As the name suggests, tech neck is a common name for pain in your neck, upper shoulders and back associated with use of technology (i.e. phones, laptops, computers, gaming consoles). This is not a medical diagnosis but it has become a common phrase to describe a group of symptoms that are related to neck and overall posture while interacting with technology throughout your daily life. 

As the pandemic rolls on, we have seen an increase in people coming through our door with “tech neck” complaints. With the doors to the traditional office space locked, many have had to adjust to a work from home environment that does not include their beloved sit to stand desks, supportive desk chairs, and ergonomically set up monitors. Some have taken over the couch or bed as the new office, or possibly the kitchen counter or dining room table. If this sounds familiar, your body may be having a hard time adjusting to the new daily stresses and strains associated with prolonged hours on your computer in these not-so-ideal work positions. 
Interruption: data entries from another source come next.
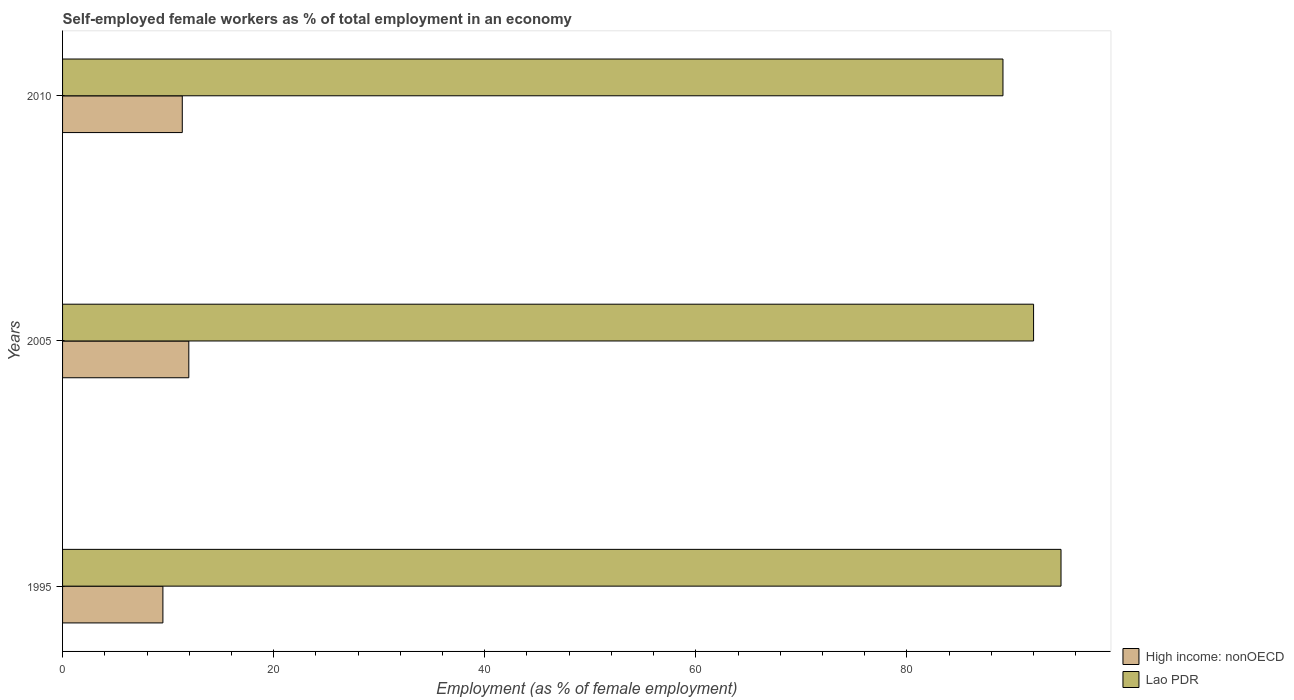How many groups of bars are there?
Your response must be concise. 3. Are the number of bars per tick equal to the number of legend labels?
Provide a short and direct response. Yes. Are the number of bars on each tick of the Y-axis equal?
Offer a very short reply. Yes. How many bars are there on the 1st tick from the bottom?
Offer a very short reply. 2. What is the percentage of self-employed female workers in Lao PDR in 2010?
Your response must be concise. 89.1. Across all years, what is the maximum percentage of self-employed female workers in Lao PDR?
Your response must be concise. 94.6. Across all years, what is the minimum percentage of self-employed female workers in High income: nonOECD?
Ensure brevity in your answer.  9.51. In which year was the percentage of self-employed female workers in Lao PDR minimum?
Offer a terse response. 2010. What is the total percentage of self-employed female workers in Lao PDR in the graph?
Offer a terse response. 275.7. What is the difference between the percentage of self-employed female workers in High income: nonOECD in 1995 and that in 2010?
Offer a terse response. -1.84. What is the difference between the percentage of self-employed female workers in Lao PDR in 2005 and the percentage of self-employed female workers in High income: nonOECD in 1995?
Keep it short and to the point. 82.49. What is the average percentage of self-employed female workers in Lao PDR per year?
Keep it short and to the point. 91.9. In the year 2005, what is the difference between the percentage of self-employed female workers in Lao PDR and percentage of self-employed female workers in High income: nonOECD?
Make the answer very short. 80.04. What is the ratio of the percentage of self-employed female workers in High income: nonOECD in 2005 to that in 2010?
Offer a very short reply. 1.05. Is the difference between the percentage of self-employed female workers in Lao PDR in 1995 and 2010 greater than the difference between the percentage of self-employed female workers in High income: nonOECD in 1995 and 2010?
Give a very brief answer. Yes. What is the difference between the highest and the second highest percentage of self-employed female workers in High income: nonOECD?
Keep it short and to the point. 0.62. What is the difference between the highest and the lowest percentage of self-employed female workers in Lao PDR?
Your answer should be very brief. 5.5. In how many years, is the percentage of self-employed female workers in High income: nonOECD greater than the average percentage of self-employed female workers in High income: nonOECD taken over all years?
Provide a short and direct response. 2. Is the sum of the percentage of self-employed female workers in High income: nonOECD in 2005 and 2010 greater than the maximum percentage of self-employed female workers in Lao PDR across all years?
Your answer should be compact. No. What does the 1st bar from the top in 2005 represents?
Provide a short and direct response. Lao PDR. What does the 2nd bar from the bottom in 1995 represents?
Keep it short and to the point. Lao PDR. How many bars are there?
Give a very brief answer. 6. Are all the bars in the graph horizontal?
Ensure brevity in your answer.  Yes. Are the values on the major ticks of X-axis written in scientific E-notation?
Make the answer very short. No. Does the graph contain any zero values?
Give a very brief answer. No. Where does the legend appear in the graph?
Offer a very short reply. Bottom right. How are the legend labels stacked?
Make the answer very short. Vertical. What is the title of the graph?
Give a very brief answer. Self-employed female workers as % of total employment in an economy. What is the label or title of the X-axis?
Your response must be concise. Employment (as % of female employment). What is the label or title of the Y-axis?
Provide a short and direct response. Years. What is the Employment (as % of female employment) of High income: nonOECD in 1995?
Provide a short and direct response. 9.51. What is the Employment (as % of female employment) of Lao PDR in 1995?
Provide a short and direct response. 94.6. What is the Employment (as % of female employment) in High income: nonOECD in 2005?
Ensure brevity in your answer.  11.96. What is the Employment (as % of female employment) in Lao PDR in 2005?
Give a very brief answer. 92. What is the Employment (as % of female employment) of High income: nonOECD in 2010?
Your answer should be compact. 11.34. What is the Employment (as % of female employment) of Lao PDR in 2010?
Your response must be concise. 89.1. Across all years, what is the maximum Employment (as % of female employment) of High income: nonOECD?
Ensure brevity in your answer.  11.96. Across all years, what is the maximum Employment (as % of female employment) in Lao PDR?
Your answer should be very brief. 94.6. Across all years, what is the minimum Employment (as % of female employment) of High income: nonOECD?
Your answer should be compact. 9.51. Across all years, what is the minimum Employment (as % of female employment) in Lao PDR?
Provide a succinct answer. 89.1. What is the total Employment (as % of female employment) in High income: nonOECD in the graph?
Provide a short and direct response. 32.81. What is the total Employment (as % of female employment) in Lao PDR in the graph?
Your response must be concise. 275.7. What is the difference between the Employment (as % of female employment) in High income: nonOECD in 1995 and that in 2005?
Offer a very short reply. -2.45. What is the difference between the Employment (as % of female employment) in Lao PDR in 1995 and that in 2005?
Your answer should be very brief. 2.6. What is the difference between the Employment (as % of female employment) of High income: nonOECD in 1995 and that in 2010?
Provide a short and direct response. -1.84. What is the difference between the Employment (as % of female employment) in Lao PDR in 1995 and that in 2010?
Give a very brief answer. 5.5. What is the difference between the Employment (as % of female employment) in High income: nonOECD in 2005 and that in 2010?
Your response must be concise. 0.62. What is the difference between the Employment (as % of female employment) in High income: nonOECD in 1995 and the Employment (as % of female employment) in Lao PDR in 2005?
Offer a terse response. -82.49. What is the difference between the Employment (as % of female employment) of High income: nonOECD in 1995 and the Employment (as % of female employment) of Lao PDR in 2010?
Ensure brevity in your answer.  -79.59. What is the difference between the Employment (as % of female employment) in High income: nonOECD in 2005 and the Employment (as % of female employment) in Lao PDR in 2010?
Keep it short and to the point. -77.14. What is the average Employment (as % of female employment) in High income: nonOECD per year?
Offer a very short reply. 10.94. What is the average Employment (as % of female employment) in Lao PDR per year?
Your response must be concise. 91.9. In the year 1995, what is the difference between the Employment (as % of female employment) of High income: nonOECD and Employment (as % of female employment) of Lao PDR?
Ensure brevity in your answer.  -85.09. In the year 2005, what is the difference between the Employment (as % of female employment) in High income: nonOECD and Employment (as % of female employment) in Lao PDR?
Give a very brief answer. -80.04. In the year 2010, what is the difference between the Employment (as % of female employment) of High income: nonOECD and Employment (as % of female employment) of Lao PDR?
Offer a very short reply. -77.76. What is the ratio of the Employment (as % of female employment) in High income: nonOECD in 1995 to that in 2005?
Your response must be concise. 0.79. What is the ratio of the Employment (as % of female employment) of Lao PDR in 1995 to that in 2005?
Ensure brevity in your answer.  1.03. What is the ratio of the Employment (as % of female employment) of High income: nonOECD in 1995 to that in 2010?
Your response must be concise. 0.84. What is the ratio of the Employment (as % of female employment) in Lao PDR in 1995 to that in 2010?
Make the answer very short. 1.06. What is the ratio of the Employment (as % of female employment) in High income: nonOECD in 2005 to that in 2010?
Provide a short and direct response. 1.05. What is the ratio of the Employment (as % of female employment) of Lao PDR in 2005 to that in 2010?
Provide a succinct answer. 1.03. What is the difference between the highest and the second highest Employment (as % of female employment) of High income: nonOECD?
Provide a succinct answer. 0.62. What is the difference between the highest and the second highest Employment (as % of female employment) of Lao PDR?
Provide a succinct answer. 2.6. What is the difference between the highest and the lowest Employment (as % of female employment) of High income: nonOECD?
Offer a terse response. 2.45. 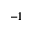Convert formula to latex. <formula><loc_0><loc_0><loc_500><loc_500>^ { - 1 }</formula> 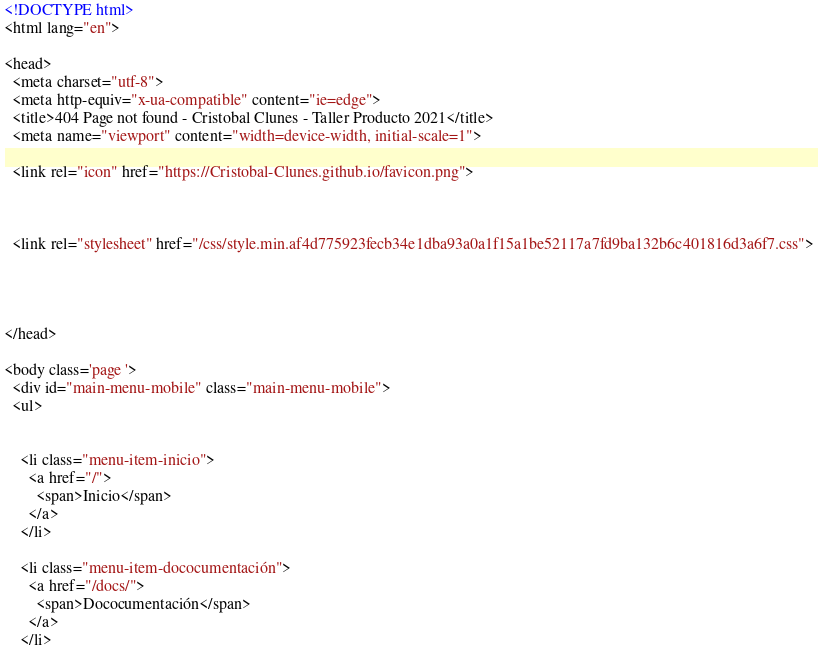Convert code to text. <code><loc_0><loc_0><loc_500><loc_500><_HTML_><!DOCTYPE html>
<html lang="en">

<head>
  <meta charset="utf-8">
  <meta http-equiv="x-ua-compatible" content="ie=edge">
  <title>404 Page not found - Cristobal Clunes - Taller Producto 2021</title>
  <meta name="viewport" content="width=device-width, initial-scale=1">
  
  <link rel="icon" href="https://Cristobal-Clunes.github.io/favicon.png">

  
  
  <link rel="stylesheet" href="/css/style.min.af4d775923fecb34e1dba93a0a1f15a1be52117a7fd9ba132b6c401816d3a6f7.css">
  

  

</head>

<body class='page '>
  <div id="main-menu-mobile" class="main-menu-mobile">
  <ul>
    
    
    <li class="menu-item-inicio">
      <a href="/">
        <span>Inicio</span>
      </a>
    </li>
    
    <li class="menu-item-dococumentación">
      <a href="/docs/">
        <span>Dococumentación</span>
      </a>
    </li></code>

Do you catch yourself slouching in your chair with rounded head and shoulders, or perching at the edge of your chair trying your best to sit up military straight? Do you generally feel stiff and painful after spending time on your computer or phone? Keep reading to find out more about tech neck and what you can do to minimize these dreaded symptoms. 

Tech Neck Symptoms

Common symptoms related to prolonged phone, laptop or computer use include:

  • Headache: This is usually a tension-type headache that worsens as the day goes on. Classic tension headaches start at the base of your skull, and migrate up to your forehead and/or behind your eyes. Headache pain may be on both sides of your head, or predominately on one side.  
  • Neck pain: This can be vague or point specific in nature, and range from the base of your skull to the shoulder blades. You may notice pain at rest, and/or pain that worsens with head and neck movements, especially looking down at your monitor or phone.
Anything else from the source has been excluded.